About the job
Speechify builds tools that turn written content into audio, helping over 50 million people read and learn in new ways. Our products span iOS, Android, Mac, Chrome, and the web. Google named us Chrome Extension of the Year, and Apple recognized our design in 2025.
Our fully remote team includes nearly 200 people with backgrounds at Amazon, Microsoft, Google, Stanford, Stripe, Vercel, and other top tech companies and universities.
Role Overview
The Data team within Speechify’s AI division is looking for a Software Engineer focused on data infrastructure and acquisition. This position centers on building and maintaining the systems that gather the large-scale datasets needed for model training. The work blends infrastructure, engineering, and research to deliver high-quality data at petabyte scale while keeping costs in check.
What You Will Do
- Find and connect new sources of audio data to our ingestion pipeline.
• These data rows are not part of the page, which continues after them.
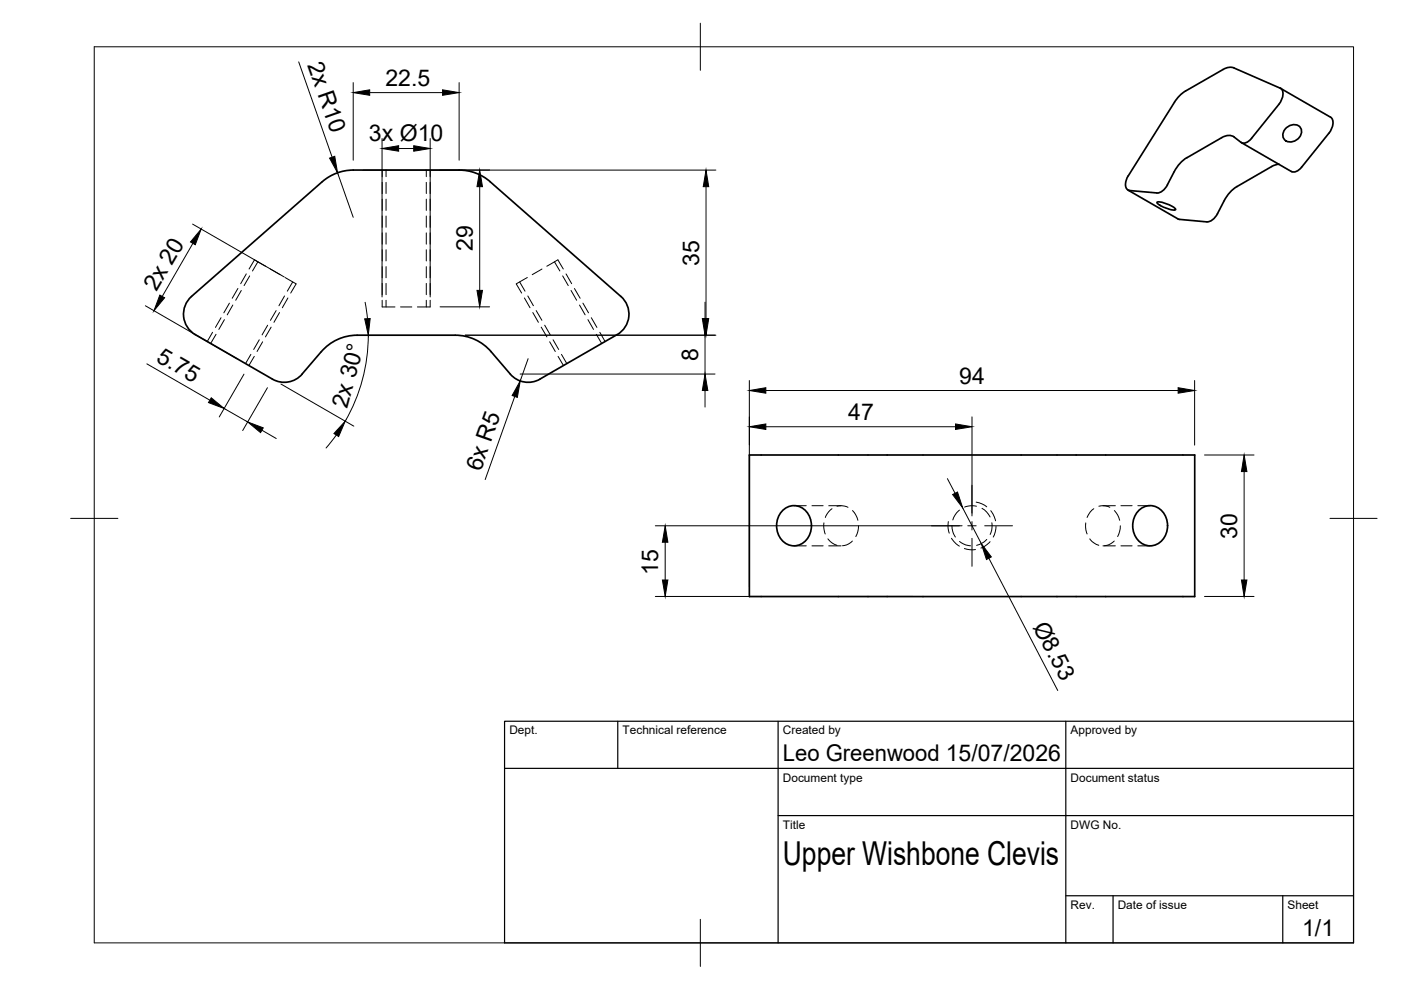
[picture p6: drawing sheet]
<svg xmlns="http://www.w3.org/2000/svg" width="297mm" height="210mm" viewBox="0 0 297 210" stroke-linecap="round" stroke-linejoin="round" font-family="sans-serif">
<defs><g id="words">
<text font-size="7" x="166" y="183.4">Upper Wishbone Clevis</text>
<g font-size="4.9">
<text x="65.1" y="13.8" transform="rotate(71 65.1 13.8)">2x R10</text>
<text x="81.7" y="18.2">22.5</text>
<text x="78.2" y="29.9">3x Ø10</text>
<text x="100.2" y="53.2" transform="rotate(-90 100.2 53.2)">29</text>
<text x="148.2" y="56.3" transform="rotate(-90 148.2 56.3)">35</text>
<text x="33.2" y="62" transform="rotate(-60 33.2 62)">2x 20</text>
<text x="32.9" y="76.5" transform="rotate(30 32.9 76.5)">5.75</text>
<text x="148" y="76.5" transform="rotate(-90 148 76.5)">8</text>
<text x="203.4" y="81.3">94</text>
<text x="73.6" y="86.8" transform="rotate(-75 73.6 86.8)">2x 30°</text>
<text x="179.8" y="89.1">47</text>
<text x="101.9" y="100" transform="rotate(-70 101.9 100)">6x R5</text>
<text x="262.3" y="114.2" transform="rotate(-90 262.3 114.2)">30</text>
<text x="139.6" y="121.9" transform="rotate(-90 139.6 121.9)">15</text>
<text x="218.9" y="132.8" transform="rotate(62 218.9 132.8)">Ø8.53</text>
<text x="166" y="161.4">Leo Greenwood 15/07/2026</text>
<text x="276.1" y="198.6">1/1</text>
</g>
<g font-size="2.5">
<text x="108" y="155.7">Dept.</text>
<text x="132" y="155.7">Technical reference</text>
<text x="166" y="155.7">Created by</text>
<text x="227" y="155.7">Approved by</text>
<text x="166" y="165.7">Document type</text>
<text x="227" y="165.7">Document status</text>
<text x="166" y="175.7">Title</text>
<text x="227" y="175.7">DWG No.</text>
<text x="227" y="192.7">Rev.</text>
<text x="237" y="192.7">Date of issue</text>
<text x="273" y="192.7">Sheet</text>
</g>
</g></defs>
<!-- layer: Visible -->
<g fill="none" stroke="#000" stroke-width=".36">
<path d="M271.4 18.7l-9.8-4.3a2.52 2.52 0 0 0-2.3 .3l-8 4.6-1.6 1.4-10.5 16.5a2.32 2.32 0 0 0 0 3.1l.3 .1M271.4 18.7a1.92 1.92 0 0 1 .2 2.6l-6.3 8a1.75 1.75 0 0 1-2.2 .9l-1.4-1.1M271.5 18.7l10.6 6.1a2.53 2.53 0 0 1-.4 3.5l-5.8 7.2a1.98 1.98 0 0 1-2.1 .9l-10.6-6.2M68.3 38.6l-27.7 24.3a5 5 0 0 0 .8 8.1M68.3 38.5a10 10 0 0 1 6.6-2.4h22.4a10 10 0 0 1 6.7 2.4l27.6 24.4M247.5 39.2a2.77 2.77 0 0 1-2.2 1.7M251.6 33.4l-.8 .6-1.2 1.4-2.1 3.8M261.7 29.1a2.38 2.38 0 0 0-2.7 .1l-7.4 4.3M262.2 39.6l-.8 .6-1.2 1.3-2.4 4.3a2.57 2.57 0 0 1-1.9 1.2M269.6 35.3l-7.4 4.3M271.2 34.8l-1.6 .5M272.9 27a1.73 1.73 0 0 1 1.9-.5 1.73 1.73 0 0 1 1.1 1.7 2.3 2.3 0 0 1-3.6 1.4 1.85 1.85 0 0 1 .6-2.6z"/>
<path d="M239.1 40.3l10.8 6.2 6 .5M239.5 40.4l5.8 .5M245.3 42.9a5.1 5.1 0 0 1 4 1.5 5.1 5.1 0 0 1-4-1.5zM41.4 70.9l16.4 9.5a5 5 0 0 0 6.3-1.1M75.7 71.1a10 10 0 0 0-7.6 3.5l-4 4.7M130.8 70.9l-16.3 9.5a5 5 0 0 1-6.3-1.1l-4.1-4.7a10 10 0 0 0-7.6-3.5h-20.8M131.6 62.9a5 5 0 0 1-.8 8.1M158.9 96.5h94.4v30h-94.4zM165.7 108.5a3.5 3.5 0 0 1 6.1 1.3 4.2 4.2 0 0 1-3.5 5.9 4.3 4.3 0 0 1-3-6.6zM241.2 108.5a3.5 3.5 0 0 1 6.1 1.3 4.2 4.2 0 0 1-3.4 5.9 4.3 4.3 0 0 1-3.1-6.6z"/>
</g>
<!-- layer: Hidden -->
<g fill="none" stroke="#000" stroke-width=".21">
<path d="M81.9 36.1v1.4M81.9 38.7v2.3M90.4 36.1v1.4M90.4 38.7v2.3M52.9 58.5l-1.1 2.1M54 55.1l2.3 1.3M54.7 55.5l-1.2 2M57.3 57l2.1 1.2M60.4 58.8l2.4 1.4M62.1 59.8l-1.2 1.9M81.9 42.2v2.4M81.9 45.8v2.4"/>
<path d="M81.9 49.4v2.4M81.9 53v2.3M81.9 56.5v2.4M90.4 42.2v2.4M90.4 45.8v2.4M90.4 49.4v2.4M90.4 53v2.3M90.4 56.5v2.4M110.2 59.8l1.1 1.9M111.8 58.8l-2.3 1.4M114.9 57l-2.1 1.2M117.6 55.5l1.1 2"/>
<path d="M118.3 55.1l-2.4 1.3M119.3 58.5l1.2 2.1M45.8 70.9l-1.1 1.9M47.6 67.8l-1.2 2M49.4 64.7l-1.2 2.1M51.2 61.6l-1.2 2.1M53.2 75.1l-1.2 2M55 72l-1.2 2.1M56.7 69l-1.1 2M58.5 65.9l-1.2 2M60.3 62.8l-1.2 2M81 65.1h2.7"/>
<path d="M81.9 60.1v2.4M81.9 63.7v1.4M84.9 65.1h2.4M88.5 65.1h2.7M90.4 60.1v2.4M90.4 63.7v1.4M111.9 62.8l1.2 2M113.7 65.9l1.2 2M115.5 69l1.2 2M117.3 72l1.1 2.1M119 75.1l1.2 2M121.1 61.6l1.2 2.1"/>
<path d="M122.9 64.7l1.2 2.1M124.7 67.8l1.1 2M126.4 70.9l1.2 1.9M168.3 115.7h2.6M168.3 107.2h2.6M172.1 115.7h2.4M172.1 107.2h2.4M174.7 110.9l-.1 .9 .4 1.4M175.5 114.3l1 .9 .9 .4M175.7 115.7h2.6M175.7 107.2h2.6M176.4 107.9l-.7 .6-.7 1.2"/>
<path d="M177.5 107.3l1-.1 1.3 .4M180.7 114.7l-1.2 .8-.9 .2M180.7 108.3l.8 .9 .4 1.1M182 111.5l-.1 1.2-.5 1.1M201.8 111.5a4.2 4.2 0 0 0 .8 2.4M203.4 114.8l1.4 .7 1 .2M203.4 108.2l-.2 .1a4.2 4.2 0 0 0-1.2 2M207 107.3l-1.1-.1-1.4 .3M208.2 107.8a4.1 4.1 0 0 1 1.7 1.8M209.2 114.4h-.1a4.4 4.4 0 0 1-2 1.2M210.3 110.8v1.6l-.4 .9M230.2 110.9v1.5l.3 .8"/>
<path d="M231.1 114.3l.5 .5 1.4 .8M231.9 107.9l-.7 .6-.7 1.2M233 107.3l1-.1 1.3 .4M233.8 115.7h2.7M233.8 107.2h2.7M236.2 114.7l-1.2 .8-.9 .2M236.3 108.3l.7 .9 .4 1.1M237.5 111.5l-.1 1.2-.4 1.1M237.7 115.7h2.3M237.7 107.2h2.3M241.2 115.7h2.6M241.2 107.2h2.6"/>
</g>
<!-- layer: Hidden Narrow -->
<g fill="none" stroke="#000" stroke-width=".21">
<path d="M81 36.1v1.4M81 38.7v2.3M91.2 36.1v1.4M91.2 38.7v2.3M52.2 58.1l-1.2 2M54 55.1l-1.2 1.9M81 42.2v2.4M81 45.8v2.4M81 49.4v2.4M81 53v2.3M81 56.5v2.4M91.2 42.2v2.4"/>
<path d="M91.2 45.8v2.4M91.2 49.4v2.4M91.2 53v2.3M91.2 56.5v2.4M118.3 55.1l1.1 1.9M120 58.1l1.2 2M45.1 70.5l-1.2 1.9M46.9 67.4l-1.2 2M48.6 64.3l-1.1 2M50.4 61.2l-1.2 2M53.9 75.6l-1.1 1.9M55.7 72.5l-1.2 2"/>
<path d="M57.5 69.4l-1.2 2M59.3 66.3l-1.2 2M61 63.2l-1.1 2M62.8 60.2l-1.2 1.9M81 60.1v2.4M81 63.7v1.4M91.2 60.1v2.4M91.2 63.7v1.4M109.5 60.2l1.1 1.9M111.2 63.2l1.2 2M113 66.3l1.2 2M114.7 69.4l1.3 2"/>
<path d="M116.5 72.5l1.2 2M118.3 75.6l1.2 1.9M121.8 61.2l1.2 2M123.6 64.3l1.2 2M125.4 67.4l1.2 2M127.2 70.5l1.1 1.9M201.1 110.6a4.7 4.7 0 0 0 .2 2.4M201.7 114.1l1 1.2 .7 .5M204.5 116.3l1.1 .3 1.2-.1M207 106.5l1.2 .3 1 .7M209.9 114.8l-1.2 1-.7 .4M210.1 108.3l.4 .7 .6 1.4"/>
<path d="M211.2 111.6l-.2 1.2-.4 1.1"/>
</g>
<!-- layer: BORDER -->
<path d="M20 9.9h267v190h-267zM148.5 4.9v10M15 109.9h10M282 109.9h10M148.5 194.9v10" fill="none" stroke="#000" stroke-width=".21"/>
<!-- layer: TITLEBLOCK -->
<path d="M107 152.9h180v47h-180zM131 152.9v10M165 152.9v47M226 152.9v47M107 162.9h180M165 172.9h122M226 189.9h61M236 189.9v10M272 189.9v10" fill="none" stroke="#000" stroke-width=".25"/>
<!-- layer: Smart Centers -->
<path d="M197.5 111.5h5.9M205.2 111.5h1.8M206.1 102.9v5.9M206.1 110.6v1.8M206.1 114.1v6M208.8 111.5h5.9" fill="none" stroke="#000" stroke-width=".21"/>
<!-- layer: FD_Dimensions -->
<g fill="none" stroke="#000" stroke-width=".21">
<path d="M63.3 13.1l7.1 20.2M74.9 17.5v16.5M78.4 19.6h15.4M97.3 17.5v16.5M71.6 36.6l3.3 9.5M77 36.1h74.8M81 29.4v33.6M84.5 31.5h3.2M91.2 29.4v33.6M101.7 39.6v22M149.7 39.6v28M40.8 47.5l19.4 11.2"/>
<path d="M40.9 51.6l-6.5 11.3M30.8 64.8l19.4 11.2M31.1 77.1l13.4 7.8M51.7 79.3l-5.2 9.1M77.4 64.1l.5 3.5M78.1 71.1a36.5 36.5 0 0 1-4.9 18.2M93.3 65.1h10.5M98.6 71.1h53.2M110.3 79.3h41.3M112 76l-1.7 4.8M149.5 64.1v3.5M149.5 71.1v8.2"/>
<path d="M47.5 86.6l5 2.9M55.5 91.2l3.1 1.8M56.7 82.2l-5.2 9.1M59.6 81.4l15.4 9M71.3 92.2l-2.2 2.8M109.1 84.1l-6.2 17.6M149.5 82.8v3.5M158.9 80.7v43.7M162.4 82.8h87.4M162.4 90.5h40.2M206.1 88.4v21M253.3 80.7v13.7"/>
<path d="M255.4 96.5h10.5M263.8 100v23M138.9 111.5h65.1M141 115v8M200.9 101.5l1.6 3.1M204.1 107.7l3.9 7.5M209.7 118.4l14.6 28M138.9 126.5h54.7M255.4 126.5h10.5"/>
</g>
<g fill="#000" stroke="#000" stroke-width=".21">
<path d="M74.9 19.6l3.5-.6v1.2zM93.8 19l3.5 .6-3.5 .6zM69.9 33.5l1.1-.4 .6 3.5zM81 31.5l3.5-.6v1.2zM87.7 30.9l3.5 .6-3.5 .6zM101.7 36.1l.6 3.5h-1.2zM149.7 36.1l.6 3.5h-1.2zM42.7 48.6l-1.3 3.3-1-.6zM33.9 62.6l1 .5-2.3 2.8zM77.3 67.6l1.2-.1-.4 3.6zM101.1 61.6h1.2l-.6 3.5zM148.9 67.6h1.2l-.6 3.5z"/>
<path d="M149.1 67.6h1.2l-.6 3.5zM44.8 84.3l2.7 2.3-3.3-1.2zM52.5 89.5l3.3 1.2-.6 1zM73.2 89.3l-1.4 3.3-1-.7zM110.3 80.8l-.6 3.5-1.1-.4zM149.5 79.3l.6 3.5h-1.2zM158.9 82.8l3.5-.6v1.2zM158.9 90.5l3.5-.6v1.2zM202.6 89.9l3.5 .6-3.5 .6zM249.8 82.2l3.5 .6-3.5 .6zM263.8 96.5l.6 3.5h-1.2zM141 111.5l.6 3.5h-1.2z"/>
<path d="M202 104.9l1-.6 1.1 3.4zM208 115.2l2.2 2.9-1.1 .5zM140.4 123h1.2l-.6 3.5zM263.2 123h1.2l-.6 3.5z"/>
</g>
<use href="#words"/>
</svg>

- Maintain and improve our cloud infrastructure for data ingestion, currently running on Google Cloud Platform and managed with Terraform.
- Work closely with Scientists to optimize for cost, throughput, and data quality, supporting richer datasets for our models.
- Collaborate with the AI team and company leadership to shape the roadmap for datasets that power future consumer and enterprise products.
Location
Remote (company operates without a physical office). Menlo Park, CA, USA listed as company location.